Was unterscheidet den Stromanbieter vom Stromproduzenten?

stromanbieter vergleichenBei elektrischer Energie gibt es allerhand Marktakteure. Stromproduzenten, Stromversorger, Netzbetreiber und Stromanbieter sind schwer auseinanderzuhalten. Vor allem die Großunternehmen übernehmen oft mehrere Aufgaben. Firmen wie Wels Strom Öko GmbH, Wien Energie, Montana, Schlaustrom oder Verbund produzieren und bieten gleichzeitig an.

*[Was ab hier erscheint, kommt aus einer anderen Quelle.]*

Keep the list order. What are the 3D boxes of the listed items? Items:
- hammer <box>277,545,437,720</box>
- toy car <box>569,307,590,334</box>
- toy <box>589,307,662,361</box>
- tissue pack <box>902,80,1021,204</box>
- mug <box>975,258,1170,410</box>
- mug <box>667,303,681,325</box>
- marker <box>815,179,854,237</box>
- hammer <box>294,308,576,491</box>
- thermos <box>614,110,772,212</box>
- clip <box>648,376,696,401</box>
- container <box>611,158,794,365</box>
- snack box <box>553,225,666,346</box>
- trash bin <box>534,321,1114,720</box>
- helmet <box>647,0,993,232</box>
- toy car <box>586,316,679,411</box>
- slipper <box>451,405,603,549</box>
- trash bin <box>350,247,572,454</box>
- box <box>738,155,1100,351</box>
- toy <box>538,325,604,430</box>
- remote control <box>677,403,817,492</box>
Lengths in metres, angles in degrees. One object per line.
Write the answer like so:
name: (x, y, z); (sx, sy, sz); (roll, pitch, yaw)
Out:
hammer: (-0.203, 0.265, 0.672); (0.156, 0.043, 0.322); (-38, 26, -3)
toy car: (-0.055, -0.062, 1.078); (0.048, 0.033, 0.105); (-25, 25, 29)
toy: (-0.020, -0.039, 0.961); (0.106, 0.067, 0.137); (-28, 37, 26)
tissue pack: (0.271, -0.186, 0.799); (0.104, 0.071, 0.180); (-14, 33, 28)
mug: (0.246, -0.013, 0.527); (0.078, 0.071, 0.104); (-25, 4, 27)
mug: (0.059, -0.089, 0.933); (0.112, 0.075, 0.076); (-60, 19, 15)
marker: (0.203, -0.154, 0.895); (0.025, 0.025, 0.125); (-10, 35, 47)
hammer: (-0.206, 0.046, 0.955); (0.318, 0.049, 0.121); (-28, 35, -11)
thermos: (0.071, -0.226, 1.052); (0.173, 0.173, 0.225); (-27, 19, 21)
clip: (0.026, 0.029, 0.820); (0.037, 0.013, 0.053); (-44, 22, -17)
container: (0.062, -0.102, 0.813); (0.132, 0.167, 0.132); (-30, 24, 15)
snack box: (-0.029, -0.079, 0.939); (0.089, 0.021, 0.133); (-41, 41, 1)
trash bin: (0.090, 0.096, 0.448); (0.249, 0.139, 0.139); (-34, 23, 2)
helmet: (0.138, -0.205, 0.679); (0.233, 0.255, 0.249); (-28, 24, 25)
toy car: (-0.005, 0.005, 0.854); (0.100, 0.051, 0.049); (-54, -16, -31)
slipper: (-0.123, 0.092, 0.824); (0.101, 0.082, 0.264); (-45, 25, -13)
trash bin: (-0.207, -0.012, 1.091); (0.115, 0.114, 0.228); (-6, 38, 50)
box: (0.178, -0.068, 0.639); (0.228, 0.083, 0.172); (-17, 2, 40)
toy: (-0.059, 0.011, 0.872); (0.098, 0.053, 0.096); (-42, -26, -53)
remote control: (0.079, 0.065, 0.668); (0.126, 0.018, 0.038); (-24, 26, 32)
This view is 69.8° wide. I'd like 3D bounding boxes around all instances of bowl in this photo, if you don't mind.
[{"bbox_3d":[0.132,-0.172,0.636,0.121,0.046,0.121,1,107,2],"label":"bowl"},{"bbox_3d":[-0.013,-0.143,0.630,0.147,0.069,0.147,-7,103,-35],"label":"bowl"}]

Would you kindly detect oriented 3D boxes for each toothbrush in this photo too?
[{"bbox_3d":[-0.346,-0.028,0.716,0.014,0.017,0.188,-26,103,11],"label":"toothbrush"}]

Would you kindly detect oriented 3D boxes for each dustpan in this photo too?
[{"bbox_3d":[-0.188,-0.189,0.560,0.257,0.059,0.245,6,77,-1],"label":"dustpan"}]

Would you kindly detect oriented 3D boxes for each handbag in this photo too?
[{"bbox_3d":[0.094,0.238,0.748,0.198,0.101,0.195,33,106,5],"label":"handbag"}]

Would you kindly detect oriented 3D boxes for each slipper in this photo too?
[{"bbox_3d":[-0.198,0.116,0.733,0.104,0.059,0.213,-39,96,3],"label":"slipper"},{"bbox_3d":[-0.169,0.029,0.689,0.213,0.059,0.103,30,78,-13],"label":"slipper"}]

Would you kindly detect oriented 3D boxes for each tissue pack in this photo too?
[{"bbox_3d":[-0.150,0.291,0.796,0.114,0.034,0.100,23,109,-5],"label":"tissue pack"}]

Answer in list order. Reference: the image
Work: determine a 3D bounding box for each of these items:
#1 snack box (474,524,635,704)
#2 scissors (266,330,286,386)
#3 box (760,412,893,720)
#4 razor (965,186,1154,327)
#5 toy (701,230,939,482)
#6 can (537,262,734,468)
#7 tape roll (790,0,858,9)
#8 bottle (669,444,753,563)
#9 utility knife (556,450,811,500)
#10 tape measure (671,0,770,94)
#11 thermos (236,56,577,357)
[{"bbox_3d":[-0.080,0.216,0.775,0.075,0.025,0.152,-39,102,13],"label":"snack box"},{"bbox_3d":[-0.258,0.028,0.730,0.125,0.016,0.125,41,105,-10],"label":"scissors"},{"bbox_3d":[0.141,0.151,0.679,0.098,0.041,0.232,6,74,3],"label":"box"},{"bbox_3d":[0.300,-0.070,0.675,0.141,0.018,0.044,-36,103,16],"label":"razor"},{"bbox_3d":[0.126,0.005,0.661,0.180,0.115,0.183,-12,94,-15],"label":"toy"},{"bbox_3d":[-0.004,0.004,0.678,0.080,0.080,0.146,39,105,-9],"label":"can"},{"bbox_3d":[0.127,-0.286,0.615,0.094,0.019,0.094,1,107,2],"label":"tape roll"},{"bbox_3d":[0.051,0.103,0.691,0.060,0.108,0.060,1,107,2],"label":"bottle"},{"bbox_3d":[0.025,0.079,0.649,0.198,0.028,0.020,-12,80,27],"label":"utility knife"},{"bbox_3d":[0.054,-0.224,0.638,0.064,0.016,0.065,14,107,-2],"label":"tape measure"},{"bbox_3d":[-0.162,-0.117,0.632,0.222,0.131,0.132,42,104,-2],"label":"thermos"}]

Viele lokale Stromversorger sind Tochterunternehmen der dieser großen Lieferanten oder der Stadtwerke.

Stromanbieter, die nicht selbst produzieren kaufen elektrische Energie an der Energiebörse oder bei den Erzeugern direkt ein und verkaufen diesen an den Endkunden weiter. Sie übernehmen eine reine Handelsposition. Mehr als ein Büro, eine spezielle Software und die Registratur und Prüfung bei der Bundesnetzagentur benötigt es dazu nicht. Die Stromanbieter bestimmen zwar mit, wie teuer die Kilowattstunde ist. Den Gesamtpreis, den der Endverbraucher zahlt, setzt sich aus mehreren Komponenten zusammen. Weitere Unterschiede zwischen den Stromanbietern gibt es ansonsten nur beim Service und bei der Frage, welchen Strom sie einkaufen. Über einen Stromkosten Vergleich lässt sich die Bandbreite der Anbieter inklusive ihrer Tarife und Vertragsbedingungen gut abschätzen.

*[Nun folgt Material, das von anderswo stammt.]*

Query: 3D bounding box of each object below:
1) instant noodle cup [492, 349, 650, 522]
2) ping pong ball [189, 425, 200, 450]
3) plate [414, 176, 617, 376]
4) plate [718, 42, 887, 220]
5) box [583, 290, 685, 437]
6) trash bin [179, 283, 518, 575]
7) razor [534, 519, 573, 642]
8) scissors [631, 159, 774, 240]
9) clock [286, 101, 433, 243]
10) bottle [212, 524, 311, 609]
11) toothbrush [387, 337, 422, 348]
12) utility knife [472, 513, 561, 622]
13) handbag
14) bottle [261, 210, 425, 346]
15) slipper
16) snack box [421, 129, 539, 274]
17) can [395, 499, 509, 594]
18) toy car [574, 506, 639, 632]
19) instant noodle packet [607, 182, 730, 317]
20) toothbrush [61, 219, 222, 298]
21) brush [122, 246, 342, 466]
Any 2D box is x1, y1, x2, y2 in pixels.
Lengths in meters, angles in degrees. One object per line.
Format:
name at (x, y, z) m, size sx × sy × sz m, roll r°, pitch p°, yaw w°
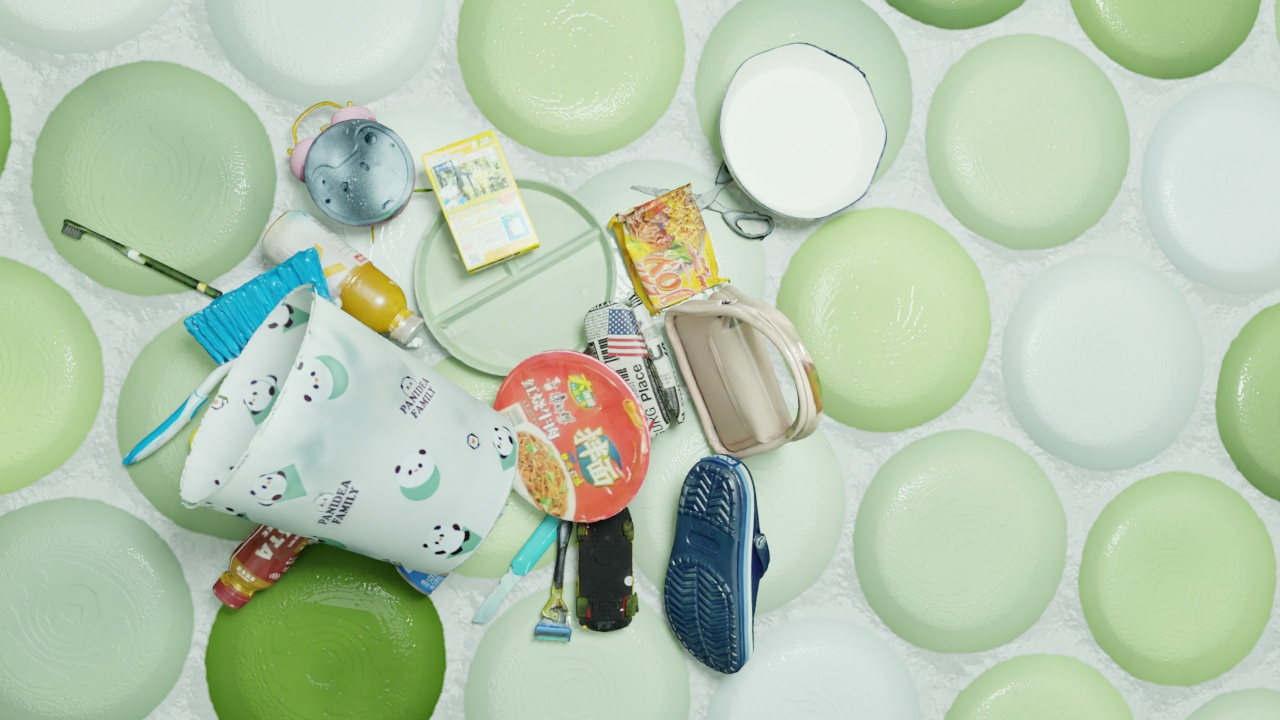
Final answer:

Wie teuer ist Strom wirklich?

Generell bemisst sich der Strompreis nach kWh, also nach Kilowattstunden. Sie bezeichnen den Verbrauch an Kilowatt (Strommenge) pro Stunde. Angegeben sind die Kosten deshalb immer durch einen bestimmten Preis pro kWh.

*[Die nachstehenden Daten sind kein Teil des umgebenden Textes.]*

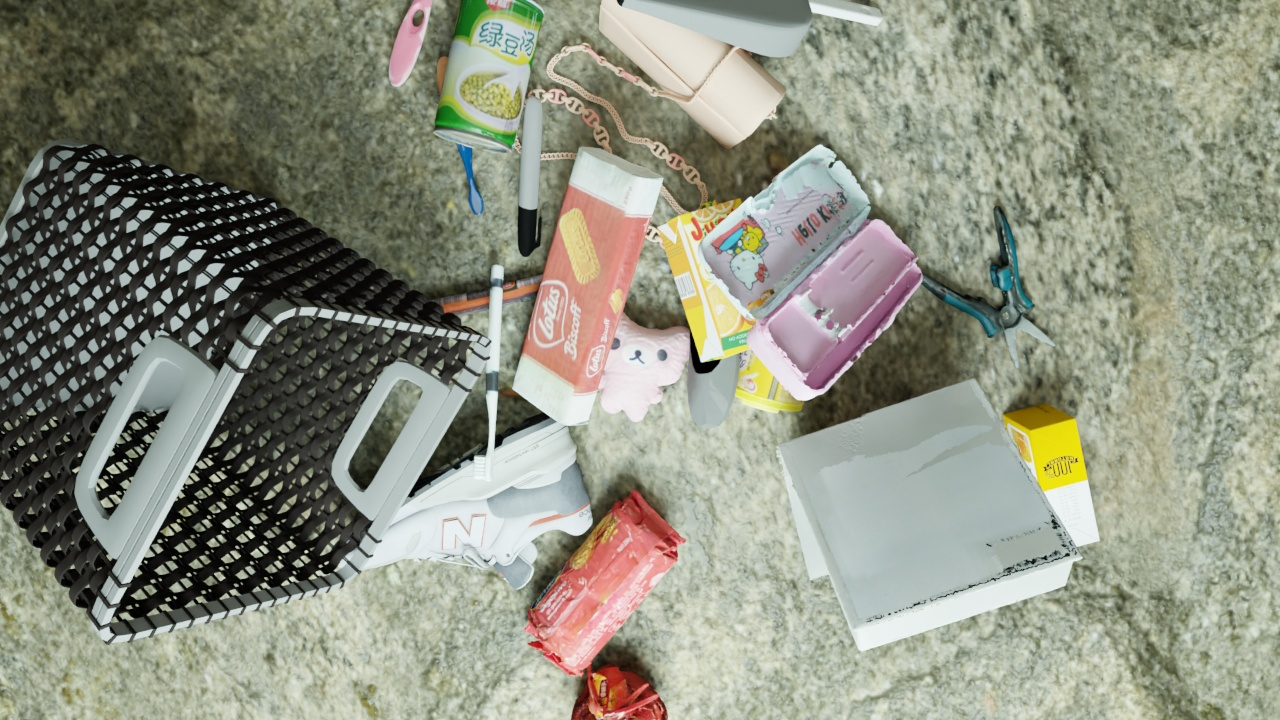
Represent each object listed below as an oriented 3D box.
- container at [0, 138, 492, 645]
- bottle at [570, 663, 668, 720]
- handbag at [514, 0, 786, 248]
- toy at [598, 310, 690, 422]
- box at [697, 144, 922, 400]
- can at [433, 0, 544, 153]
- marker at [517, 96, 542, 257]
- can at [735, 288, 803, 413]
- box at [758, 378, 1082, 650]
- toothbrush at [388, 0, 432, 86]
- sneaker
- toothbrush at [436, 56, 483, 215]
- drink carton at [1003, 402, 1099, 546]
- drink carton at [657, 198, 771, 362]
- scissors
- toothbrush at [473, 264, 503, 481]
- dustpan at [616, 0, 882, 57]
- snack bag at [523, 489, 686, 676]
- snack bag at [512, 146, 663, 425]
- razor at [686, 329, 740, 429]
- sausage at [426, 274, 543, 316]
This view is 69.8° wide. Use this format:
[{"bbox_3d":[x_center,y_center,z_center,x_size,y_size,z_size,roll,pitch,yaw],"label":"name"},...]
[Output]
[{"bbox_3d":[-0.312,0.012,0.677,0.244,0.245,0.247,35,99,20],"label":"container"},{"bbox_3d":[-0.022,0.329,0.837,0.099,0.111,0.099,2,111,5],"label":"bottle"},{"bbox_3d":[0.011,-0.192,0.734,0.199,0.116,0.187,41,98,-8],"label":"handbag"},{"bbox_3d":[-0.005,0.005,0.800,0.099,0.053,0.095,17,73,-4],"label":"toy"},{"bbox_3d":[0.140,-0.075,0.740,0.153,0.041,0.200,49,53,0],"label":"box"},{"bbox_3d":[-0.123,-0.235,0.744,0.067,0.067,0.121,13,94,-3],"label":"can"},{"bbox_3d":[-0.092,-0.153,0.778,0.022,0.016,0.139,-4,119,-23],"label":"marker"},{"bbox_3d":[0.120,-0.012,0.795,0.067,0.067,0.105,14,99,-3],"label":"can"},{"bbox_3d":[0.213,0.112,0.839,0.167,0.446,0.165,-18,90,2],"label":"box"},{"bbox_3d":[-0.182,-0.293,0.765,0.021,0.016,0.135,23,99,-5],"label":"toothbrush"},{"bbox_3d":[-0.145,0.151,0.813,0.240,0.089,0.124,-32,96,2],"label":"sneaker"},{"bbox_3d":[-0.153,-0.191,0.787,0.021,0.017,0.135,-12,98,-2],"label":"toothbrush"},{"bbox_3d":[0.368,0.107,0.823,0.040,0.058,0.122,-16,100,2],"label":"drink carton"},{"bbox_3d":[0.063,-0.067,0.735,0.058,0.041,0.122,-19,92,-24],"label":"drink carton"},{"bbox_3d":[0.302,-0.058,0.812,0.118,0.019,0.148,-12,102,1],"label":"scissors"},{"bbox_3d":[-0.129,0.009,0.780,0.017,0.012,0.186,1,79,3],"label":"toothbrush"},{"bbox_3d":[0.086,-0.300,0.711,0.257,0.033,0.163,2,59,-23],"label":"dustpan"},{"bbox_3d":[-0.036,0.206,0.828,0.082,0.082,0.176,38,98,-7],"label":"snack bag"},{"bbox_3d":[-0.048,-0.059,0.762,0.077,0.041,0.225,32,113,33],"label":"snack bag"},{"bbox_3d":[0.062,-0.020,0.781,0.057,0.060,0.156,-4,86,29],"label":"razor"},{"bbox_3d":[-0.144,-0.053,0.809,0.155,0.020,0.020,-13,100,2],"label":"sausage"}]

Der Strompreis setz sich aus einigen Komponenten zusammen. Der Stromanbieter selbst hat etwa nur Einfluss auf 20 % des Gesamtbetrags. Je nachdem, wie viel effizient er arbeitet und wie viel Gewinn er selbst vereinnahmen möchte, beeinflusst er diesen prozentualen Anteil. Trotzdem sind große lokale Unterschiede zu beobachten. Das liegt an den Entgelten, die die Stromanbieter selbst an die Netzbetreiber zahlen. Günstige Stromanbieter in Wien bieten Strom oft billiger an, als solche im ländlichen Raum, denn die Netzentgelte sind höher. Generell machen Netzentgelte etwa 25 % Prozent der Verbraucherkosten und damit den größten Anteil aus.

Strompreis

Ein weiteres Fünftel des Strompreises geht für die Kosten für die Stromerzeugung ins Land. Darin liegt auch die Ursache dafür, dass Ökostrom teurer ist, als konventionell gewonnene elektrische Energie. Seine Erzeugung ist aufwendiger und somit teurer. Der restliche Anteil (über 50 Prozent) bestimmt sich über Abgaben und Umlagen, wie z. B. Stromsteuer und Konzessionsabgabe. 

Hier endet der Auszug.